=== Section Start ===

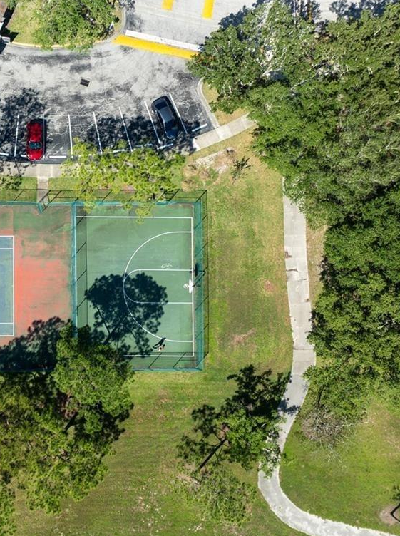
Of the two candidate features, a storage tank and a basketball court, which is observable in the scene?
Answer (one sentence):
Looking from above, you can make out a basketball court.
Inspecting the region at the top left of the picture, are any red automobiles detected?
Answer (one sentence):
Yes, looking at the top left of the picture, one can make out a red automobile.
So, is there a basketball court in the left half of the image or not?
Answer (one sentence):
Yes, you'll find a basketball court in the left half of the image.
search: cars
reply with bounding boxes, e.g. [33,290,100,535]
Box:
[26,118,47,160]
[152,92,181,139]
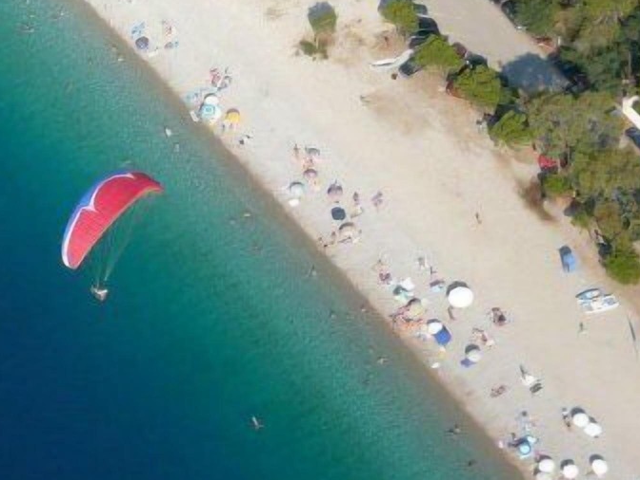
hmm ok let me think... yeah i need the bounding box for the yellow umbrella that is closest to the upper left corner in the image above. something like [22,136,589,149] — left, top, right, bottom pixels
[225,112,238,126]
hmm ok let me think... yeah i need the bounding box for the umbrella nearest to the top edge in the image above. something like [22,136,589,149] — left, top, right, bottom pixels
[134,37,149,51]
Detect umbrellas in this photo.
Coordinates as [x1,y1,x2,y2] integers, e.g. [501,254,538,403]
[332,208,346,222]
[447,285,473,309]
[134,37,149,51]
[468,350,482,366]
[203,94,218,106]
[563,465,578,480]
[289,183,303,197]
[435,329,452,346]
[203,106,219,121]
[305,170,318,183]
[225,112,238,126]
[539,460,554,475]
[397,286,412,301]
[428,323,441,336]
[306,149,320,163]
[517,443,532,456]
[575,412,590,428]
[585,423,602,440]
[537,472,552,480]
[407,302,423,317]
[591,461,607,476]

=== Section End ===
=== Section Start ===

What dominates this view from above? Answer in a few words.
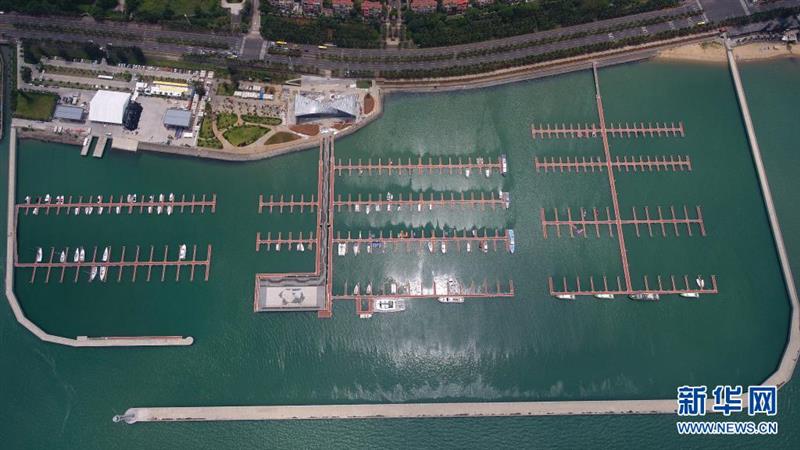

=== Section End ===

» **ACTIVITY**: In the material above, each line with the word "this" should be copied.

» **RESPONSE**:
Detect umbrellas in this photo.
What dominates this view from above? Answer in a few words.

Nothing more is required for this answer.